The importance of APIs is self-evident. Many large pharmaceutical companies have expressed their views to the twenty-first Century economic news reporter.

"Enterprises are very sensitive now, but raw material is the key to the competition of enterprises. The key to solve this problem is that it is still necessary to adjust the production license system to the filing system, which is also an international practice. This can prevent the monopoly of raw materials and reduce the cost of pharmaceutical enterprises, so as to achieve the ultimate goal of drug price reduction. Shi Lichen pointed out to the twenty-first Century economic news reporter.

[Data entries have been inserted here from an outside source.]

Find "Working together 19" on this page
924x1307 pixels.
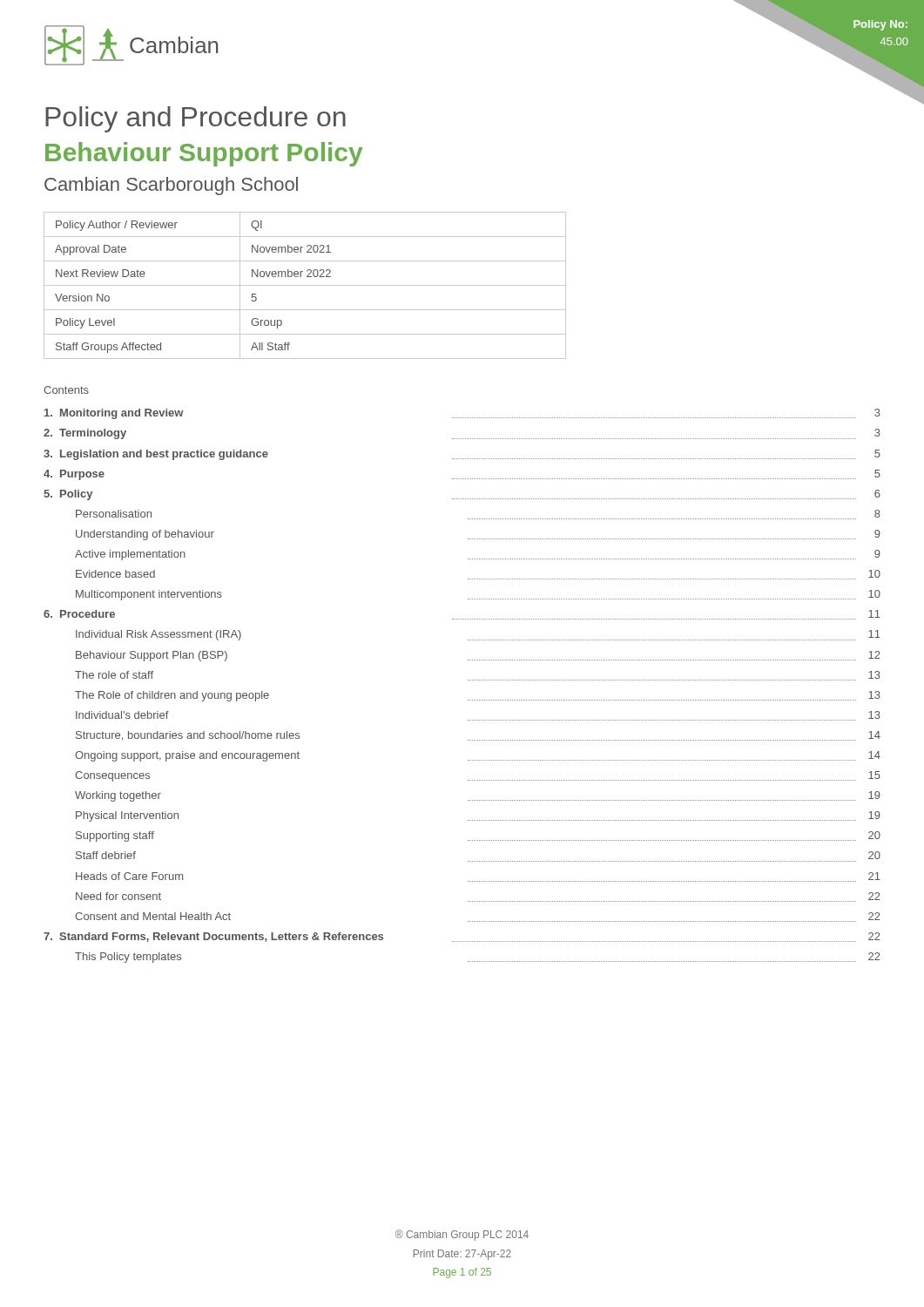(478, 796)
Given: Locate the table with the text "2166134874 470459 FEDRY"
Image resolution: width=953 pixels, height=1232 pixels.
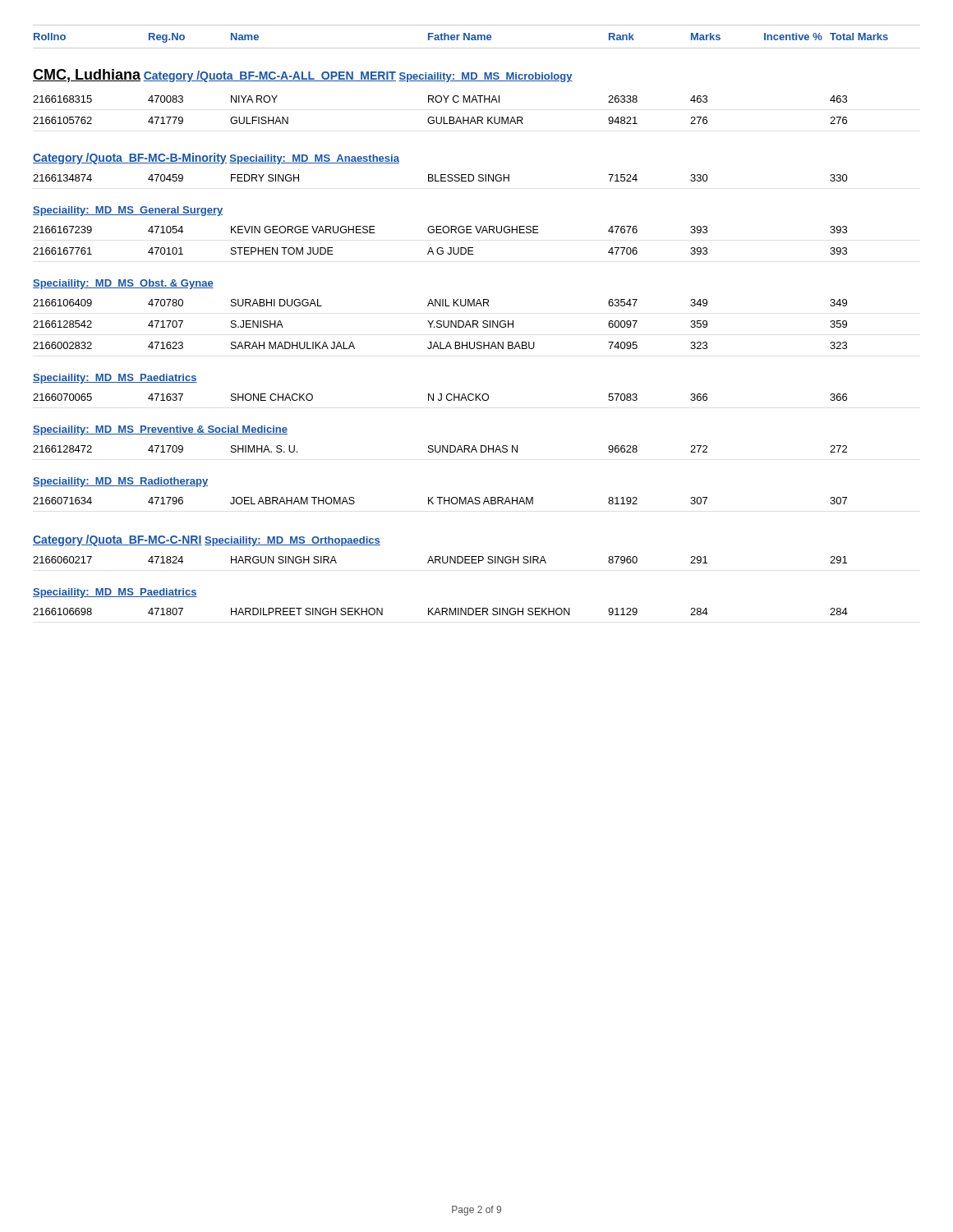Looking at the screenshot, I should 476,178.
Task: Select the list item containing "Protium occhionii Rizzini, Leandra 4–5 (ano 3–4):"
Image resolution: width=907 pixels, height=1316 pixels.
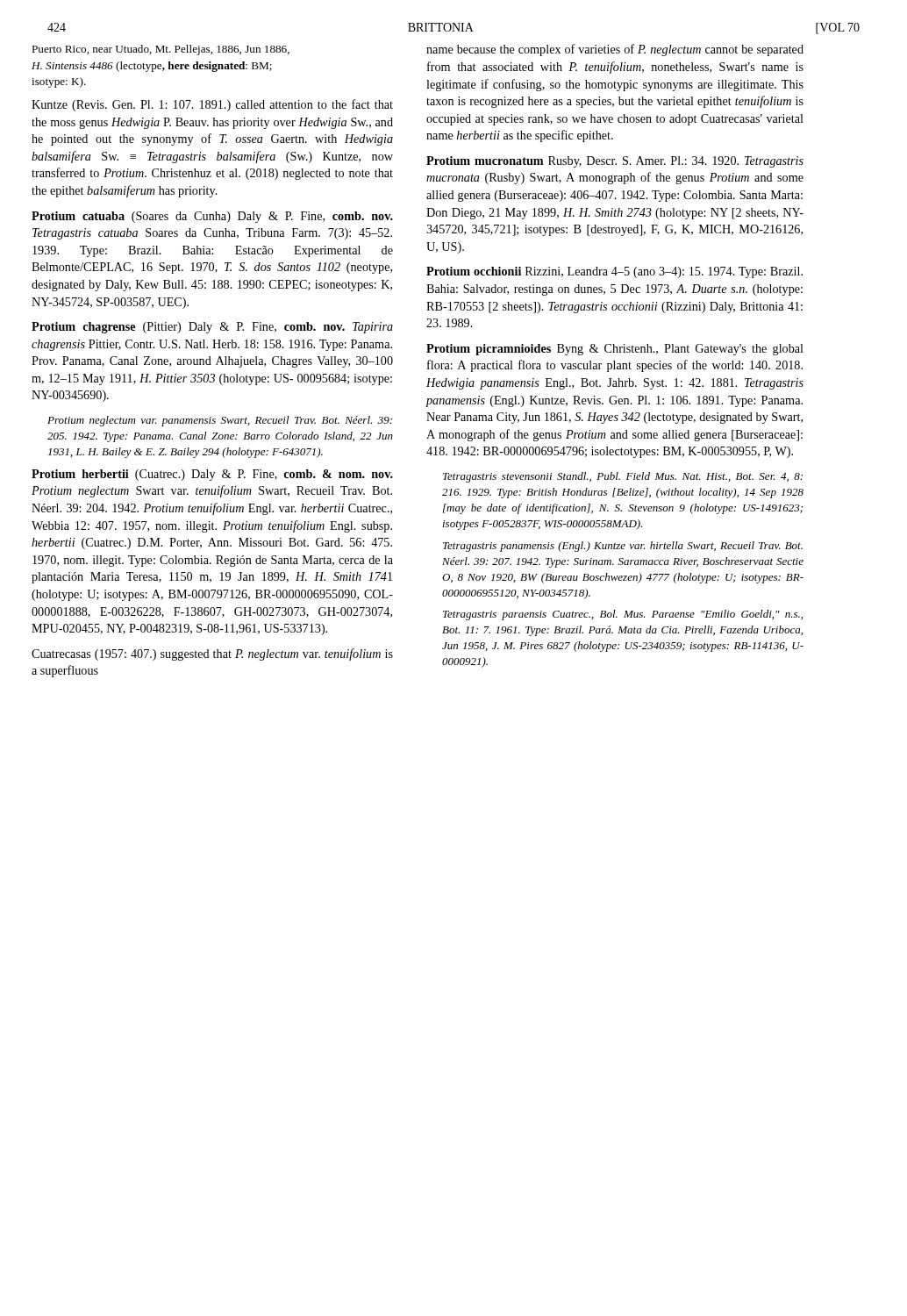Action: 615,297
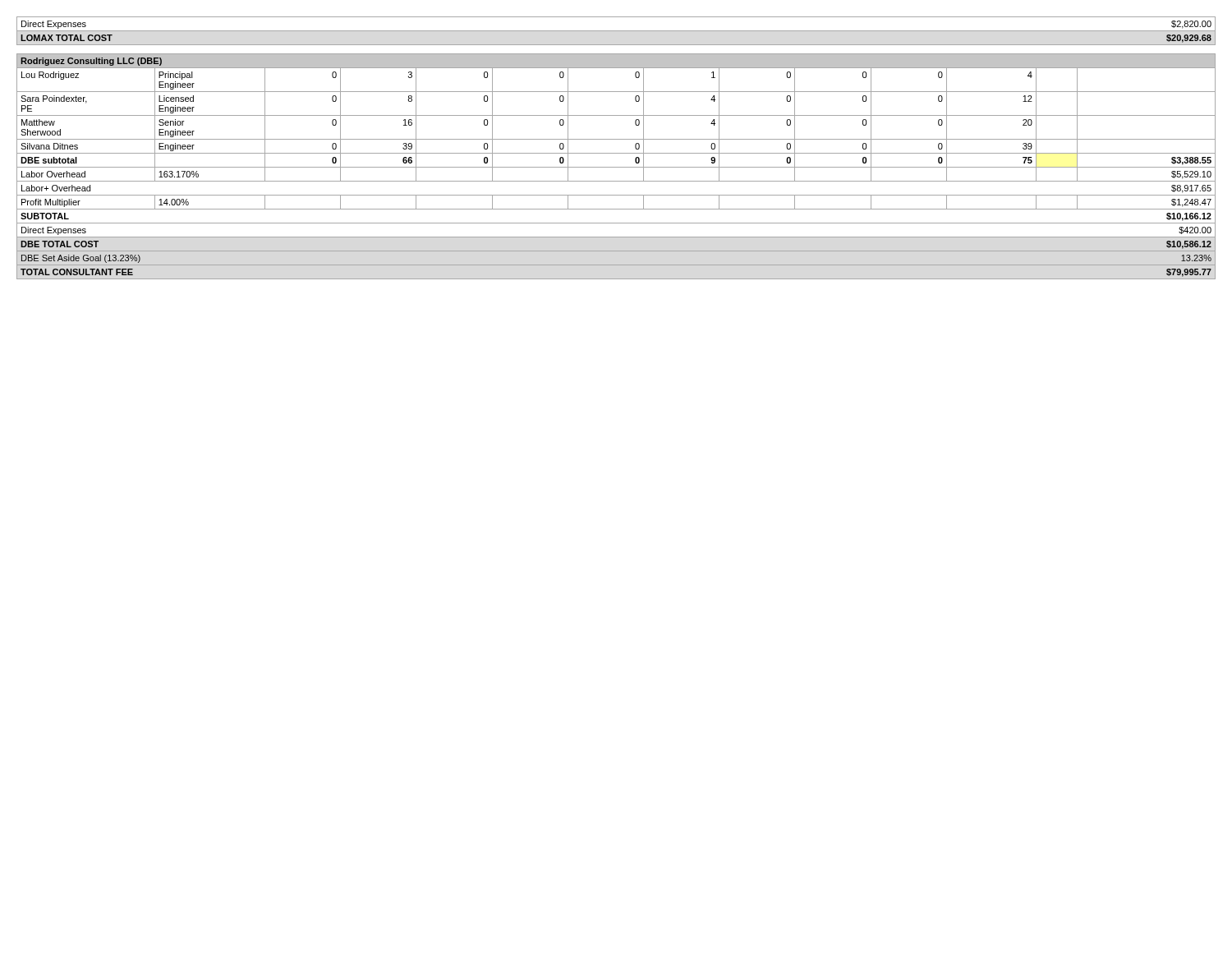Click on the table containing "Rodriguez Consulting LLC (DBE)"

616,148
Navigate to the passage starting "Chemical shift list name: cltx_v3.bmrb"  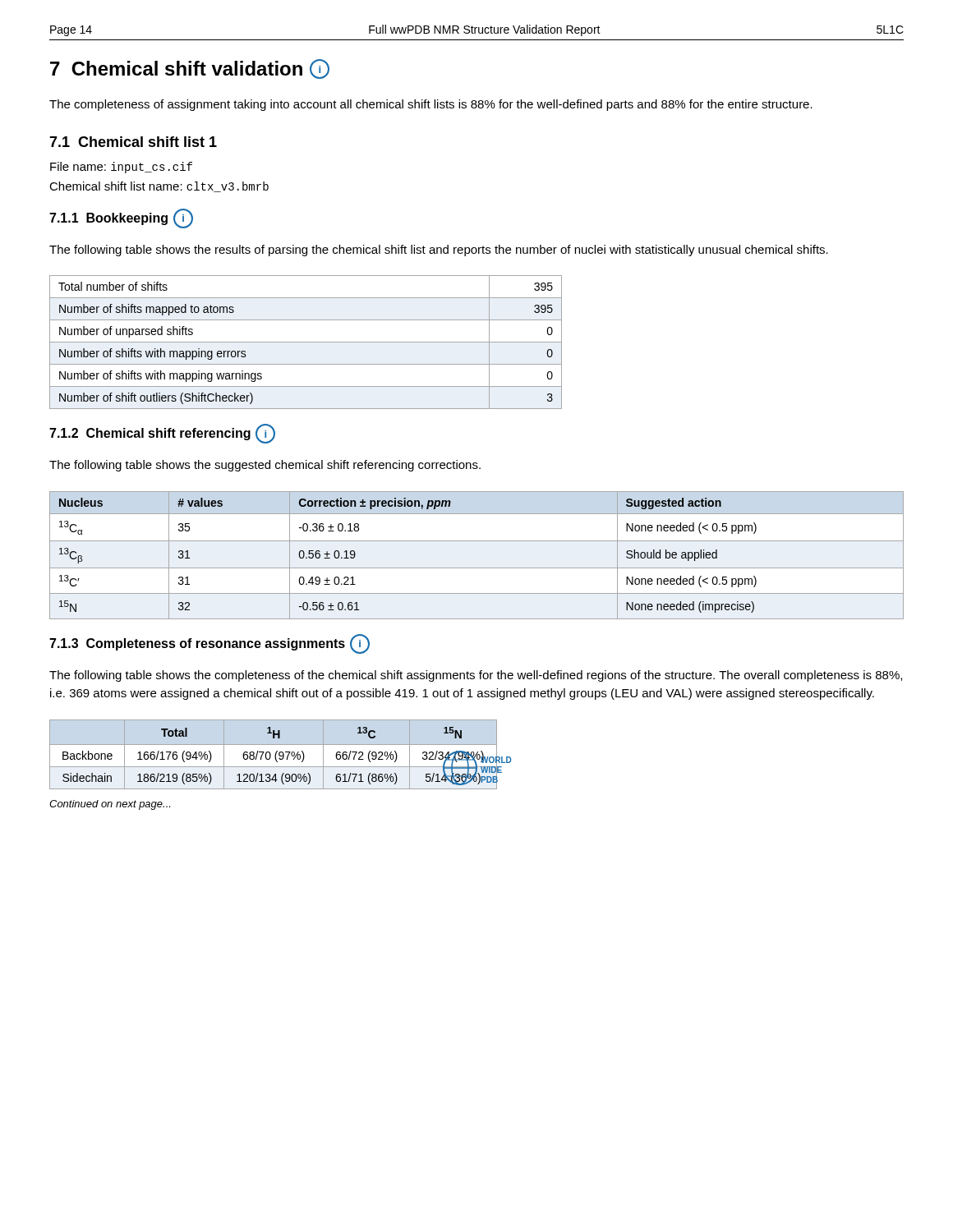point(159,187)
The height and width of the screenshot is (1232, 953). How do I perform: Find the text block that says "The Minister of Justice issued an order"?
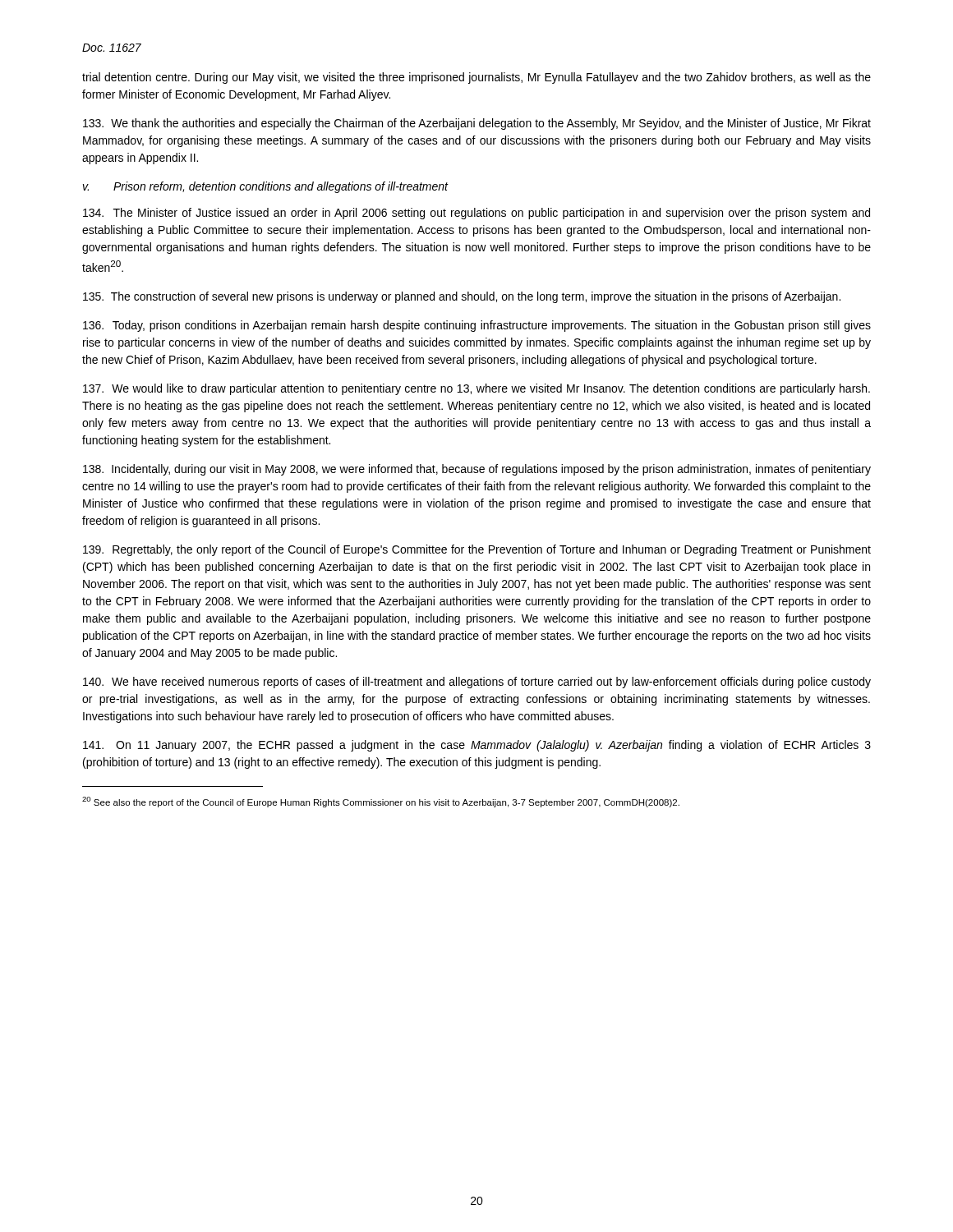[x=476, y=240]
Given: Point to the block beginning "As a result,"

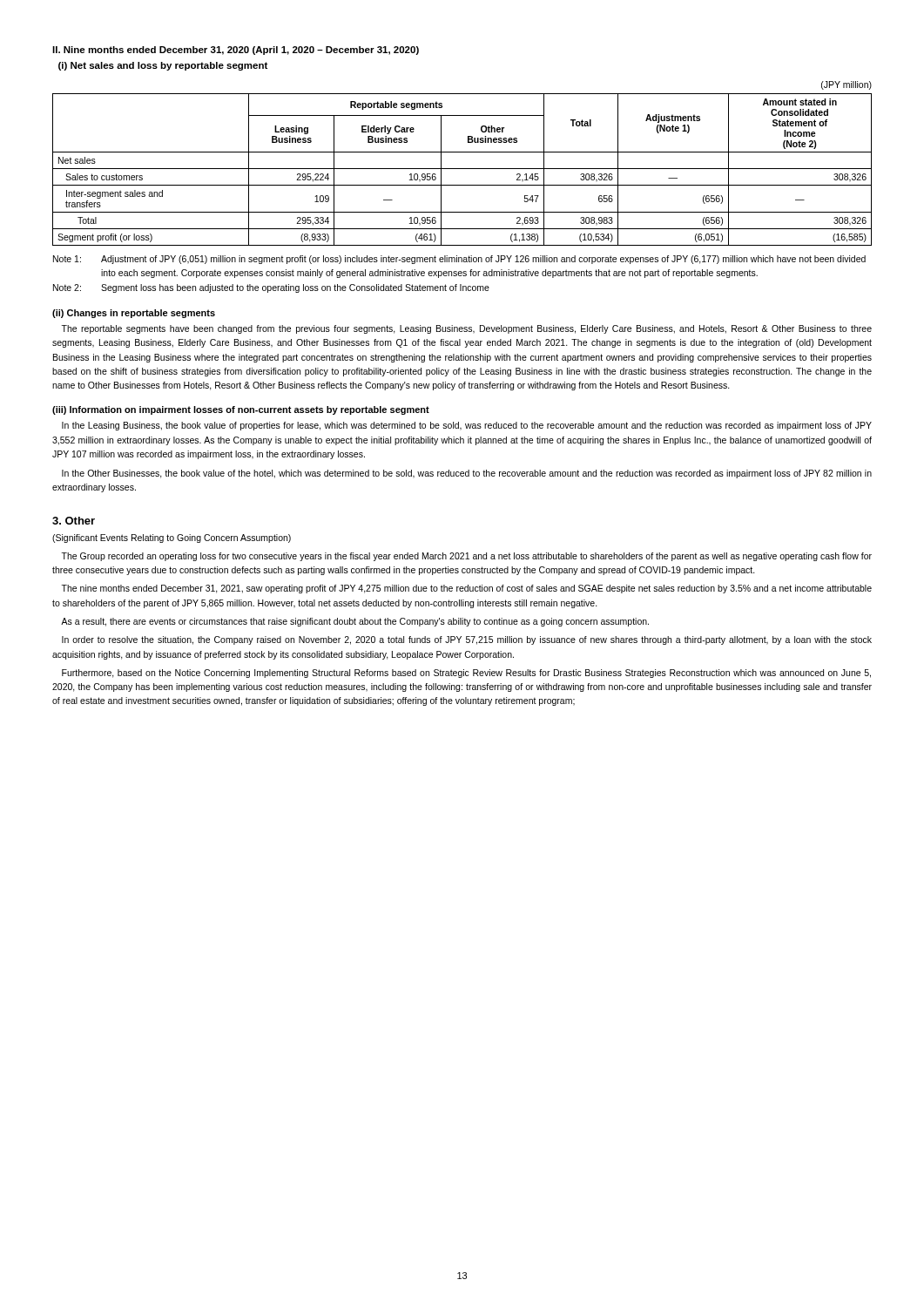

The high price of API causes the rising cost of drugs, which stems from the fact that the supply of raw materials is less than that of demand. Since the manufacturers of APIs must be approved by the relevant departments of the state, they will be able to produce them, and the number of manufacturers authorized to produce them is small. Once the producers secretly form alliance or dealer forming alliances, control the supply of raw materials in the market, the price of the raw materials will be artificially raised.

Liu Qun, chairman of Chongqing Tiansheng pharmaceutical company, said in an interview with the economic news reporters in twenty-first Century that solving the problem of bulk drug monopoly needs to release the approval of the crude drug. The raw material is not included in the drug administration, and the raw material is the chemical medicine, which is the chemical product and is not included in the drug administration.

Du Zhenxin, chairman of Shandong Chen Xin Pharmaceutical Company, suggested that the DMF filing system should be implemented. In most countries of the world, the DMF registration system is applied to the API, that is, the examination and approval system is prior management, and DMF is a matter of management after and after the event. The DMF mechanism has strengthened the sense of responsibility for the raw materials used by the preparation enterprises, and they are the real responsible subjects for the raw materials they need.